AIM OF THE EXERCISE.
Images excepted, the data below must be repeated exactly.

── INFORMATION SHOWN

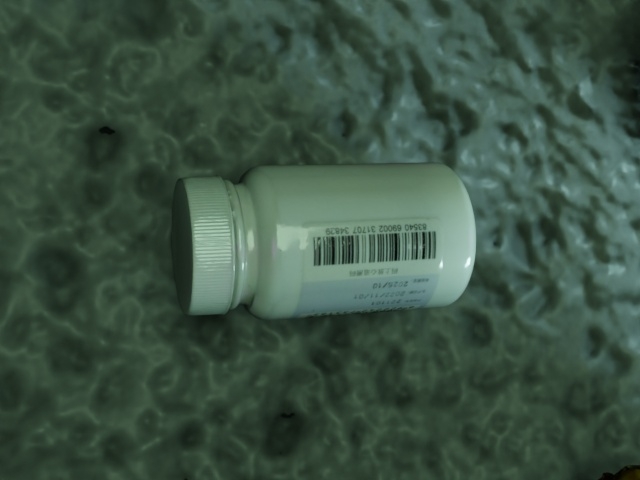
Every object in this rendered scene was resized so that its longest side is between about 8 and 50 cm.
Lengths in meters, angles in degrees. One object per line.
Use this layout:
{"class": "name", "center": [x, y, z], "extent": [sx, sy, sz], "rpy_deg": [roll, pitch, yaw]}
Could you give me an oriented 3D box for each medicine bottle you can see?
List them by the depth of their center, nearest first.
{"class": "medicine bottle", "center": [0.000, 0.000, 0.579], "extent": [0.187, 0.103, 0.102], "rpy_deg": [-3, 83, -18]}

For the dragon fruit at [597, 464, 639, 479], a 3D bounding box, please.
{"class": "dragon fruit", "center": [0.152, 0.231, 0.588], "extent": [0.246, 0.125, 0.125], "rpy_deg": [-36, 91, -25]}

────

PROBLEM SOLUTION.
Every object in this rendered scene was resized so that its longest side is between about 8 and 50 cm.
Lengths in meters, angles in degrees. One object per line.
Use this layout:
{"class": "name", "center": [x, y, z], "extent": [sx, sy, sz], "rpy_deg": [roll, pitch, yaw]}
Could you give me an oriented 3D box for each medicine bottle you can see?
List them by the depth of their center, nearest first.
{"class": "medicine bottle", "center": [0.000, 0.000, 0.579], "extent": [0.187, 0.103, 0.102], "rpy_deg": [-3, 83, -18]}

For the dragon fruit at [597, 464, 639, 479], a 3D bounding box, please.
{"class": "dragon fruit", "center": [0.152, 0.231, 0.588], "extent": [0.246, 0.125, 0.125], "rpy_deg": [-36, 91, -25]}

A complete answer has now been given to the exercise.